## [Task description]
In the entries that follow, how many lines hold "initiateFragmentTransaction"? Nothing but the number is expected.

══ Dataset entries

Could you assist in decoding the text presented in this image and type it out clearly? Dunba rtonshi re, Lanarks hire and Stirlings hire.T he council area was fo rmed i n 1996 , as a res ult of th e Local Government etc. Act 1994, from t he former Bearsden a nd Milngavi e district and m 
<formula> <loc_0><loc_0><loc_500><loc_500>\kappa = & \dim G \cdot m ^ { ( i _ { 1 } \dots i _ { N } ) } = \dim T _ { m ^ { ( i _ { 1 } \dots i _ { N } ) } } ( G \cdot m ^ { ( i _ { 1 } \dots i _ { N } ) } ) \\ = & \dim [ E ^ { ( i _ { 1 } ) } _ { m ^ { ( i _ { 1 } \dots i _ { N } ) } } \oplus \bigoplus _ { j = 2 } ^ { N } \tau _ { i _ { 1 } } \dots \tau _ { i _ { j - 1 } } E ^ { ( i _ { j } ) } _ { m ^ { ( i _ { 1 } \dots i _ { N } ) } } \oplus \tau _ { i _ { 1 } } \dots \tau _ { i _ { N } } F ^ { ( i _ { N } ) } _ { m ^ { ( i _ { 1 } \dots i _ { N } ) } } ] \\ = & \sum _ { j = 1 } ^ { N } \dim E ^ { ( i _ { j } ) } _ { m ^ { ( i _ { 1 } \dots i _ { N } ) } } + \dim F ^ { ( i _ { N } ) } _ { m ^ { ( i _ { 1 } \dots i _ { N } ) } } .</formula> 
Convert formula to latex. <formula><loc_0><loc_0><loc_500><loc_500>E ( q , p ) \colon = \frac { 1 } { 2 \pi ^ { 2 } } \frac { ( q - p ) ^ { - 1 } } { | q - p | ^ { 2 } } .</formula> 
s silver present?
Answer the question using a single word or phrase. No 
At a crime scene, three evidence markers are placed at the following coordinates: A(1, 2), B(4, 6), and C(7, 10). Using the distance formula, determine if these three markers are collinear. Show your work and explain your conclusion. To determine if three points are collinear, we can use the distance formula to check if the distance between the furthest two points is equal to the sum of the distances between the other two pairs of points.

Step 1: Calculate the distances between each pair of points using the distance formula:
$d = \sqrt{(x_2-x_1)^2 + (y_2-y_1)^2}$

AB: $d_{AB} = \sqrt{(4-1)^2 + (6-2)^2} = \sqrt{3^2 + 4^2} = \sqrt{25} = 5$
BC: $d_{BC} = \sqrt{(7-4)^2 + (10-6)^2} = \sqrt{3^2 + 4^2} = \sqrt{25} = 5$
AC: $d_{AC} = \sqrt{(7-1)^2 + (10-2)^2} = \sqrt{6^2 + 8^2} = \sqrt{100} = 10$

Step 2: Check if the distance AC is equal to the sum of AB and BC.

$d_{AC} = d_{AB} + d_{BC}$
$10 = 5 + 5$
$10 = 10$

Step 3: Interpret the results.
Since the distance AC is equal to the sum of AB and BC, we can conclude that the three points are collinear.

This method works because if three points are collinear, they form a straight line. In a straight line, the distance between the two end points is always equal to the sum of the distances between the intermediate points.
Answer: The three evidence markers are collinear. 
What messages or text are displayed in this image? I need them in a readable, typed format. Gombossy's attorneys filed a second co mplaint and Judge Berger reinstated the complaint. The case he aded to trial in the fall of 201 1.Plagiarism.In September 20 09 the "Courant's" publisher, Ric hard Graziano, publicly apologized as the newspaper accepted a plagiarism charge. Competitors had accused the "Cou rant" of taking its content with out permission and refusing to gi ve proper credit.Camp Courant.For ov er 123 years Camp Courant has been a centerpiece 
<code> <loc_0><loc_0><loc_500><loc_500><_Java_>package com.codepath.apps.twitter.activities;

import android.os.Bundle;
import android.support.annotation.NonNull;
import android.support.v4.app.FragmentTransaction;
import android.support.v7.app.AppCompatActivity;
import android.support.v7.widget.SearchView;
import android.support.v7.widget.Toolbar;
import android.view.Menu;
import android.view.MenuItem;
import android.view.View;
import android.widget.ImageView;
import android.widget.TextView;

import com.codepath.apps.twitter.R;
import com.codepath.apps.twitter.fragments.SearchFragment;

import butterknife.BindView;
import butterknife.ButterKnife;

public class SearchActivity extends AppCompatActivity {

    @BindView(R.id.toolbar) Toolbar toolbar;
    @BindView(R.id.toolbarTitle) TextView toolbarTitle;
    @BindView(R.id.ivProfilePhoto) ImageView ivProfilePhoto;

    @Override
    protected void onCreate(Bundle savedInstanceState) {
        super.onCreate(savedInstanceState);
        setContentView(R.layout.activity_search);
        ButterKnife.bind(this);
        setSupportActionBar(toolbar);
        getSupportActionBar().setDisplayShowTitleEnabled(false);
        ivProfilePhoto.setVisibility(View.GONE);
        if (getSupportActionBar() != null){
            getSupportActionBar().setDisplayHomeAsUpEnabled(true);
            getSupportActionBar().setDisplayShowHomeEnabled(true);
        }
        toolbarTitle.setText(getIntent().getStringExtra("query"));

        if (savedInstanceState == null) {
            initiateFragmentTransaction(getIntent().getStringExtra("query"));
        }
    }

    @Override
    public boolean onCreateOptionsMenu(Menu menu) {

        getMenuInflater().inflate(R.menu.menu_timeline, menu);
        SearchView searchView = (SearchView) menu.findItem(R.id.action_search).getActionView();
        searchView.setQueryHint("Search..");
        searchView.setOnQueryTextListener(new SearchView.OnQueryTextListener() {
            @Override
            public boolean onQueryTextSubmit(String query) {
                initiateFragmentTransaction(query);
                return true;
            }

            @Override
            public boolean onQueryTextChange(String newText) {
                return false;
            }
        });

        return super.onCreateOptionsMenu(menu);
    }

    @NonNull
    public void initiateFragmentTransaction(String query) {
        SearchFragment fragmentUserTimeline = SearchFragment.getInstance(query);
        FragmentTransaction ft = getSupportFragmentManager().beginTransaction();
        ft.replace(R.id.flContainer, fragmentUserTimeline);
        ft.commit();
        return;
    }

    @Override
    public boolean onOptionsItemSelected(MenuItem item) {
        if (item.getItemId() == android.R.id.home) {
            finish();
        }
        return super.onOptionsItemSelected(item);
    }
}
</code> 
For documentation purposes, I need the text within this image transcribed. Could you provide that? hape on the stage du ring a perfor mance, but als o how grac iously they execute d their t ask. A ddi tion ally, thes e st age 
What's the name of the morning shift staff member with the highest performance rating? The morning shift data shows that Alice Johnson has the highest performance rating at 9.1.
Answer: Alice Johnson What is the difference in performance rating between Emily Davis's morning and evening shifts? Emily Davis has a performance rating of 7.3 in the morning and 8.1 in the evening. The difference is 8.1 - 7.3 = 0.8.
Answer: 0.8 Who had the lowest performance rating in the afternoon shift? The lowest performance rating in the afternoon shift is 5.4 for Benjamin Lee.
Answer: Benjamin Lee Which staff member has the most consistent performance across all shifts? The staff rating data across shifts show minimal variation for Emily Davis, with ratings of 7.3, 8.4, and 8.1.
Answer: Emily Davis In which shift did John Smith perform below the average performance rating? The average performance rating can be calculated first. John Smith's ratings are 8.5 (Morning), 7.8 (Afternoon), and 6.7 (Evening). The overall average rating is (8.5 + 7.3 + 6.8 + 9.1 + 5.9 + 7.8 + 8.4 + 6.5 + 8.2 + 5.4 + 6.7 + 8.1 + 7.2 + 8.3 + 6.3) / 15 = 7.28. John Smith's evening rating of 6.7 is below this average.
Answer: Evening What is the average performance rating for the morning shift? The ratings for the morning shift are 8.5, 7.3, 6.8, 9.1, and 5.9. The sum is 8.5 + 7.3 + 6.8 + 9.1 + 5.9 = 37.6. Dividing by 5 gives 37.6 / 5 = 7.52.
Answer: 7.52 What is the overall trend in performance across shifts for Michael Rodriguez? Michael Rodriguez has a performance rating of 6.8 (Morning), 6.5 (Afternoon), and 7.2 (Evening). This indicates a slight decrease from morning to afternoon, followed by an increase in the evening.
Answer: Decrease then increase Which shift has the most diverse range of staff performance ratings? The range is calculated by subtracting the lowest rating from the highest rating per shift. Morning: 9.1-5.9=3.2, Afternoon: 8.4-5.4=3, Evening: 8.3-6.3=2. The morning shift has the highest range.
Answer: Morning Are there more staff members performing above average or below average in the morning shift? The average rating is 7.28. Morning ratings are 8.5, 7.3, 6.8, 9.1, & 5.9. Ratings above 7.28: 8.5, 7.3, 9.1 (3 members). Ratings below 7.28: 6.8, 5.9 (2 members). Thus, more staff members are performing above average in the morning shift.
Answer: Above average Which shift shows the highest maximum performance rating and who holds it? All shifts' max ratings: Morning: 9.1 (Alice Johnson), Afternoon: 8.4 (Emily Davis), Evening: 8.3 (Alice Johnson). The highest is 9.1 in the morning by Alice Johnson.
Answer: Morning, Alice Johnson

════

## [Response box]
3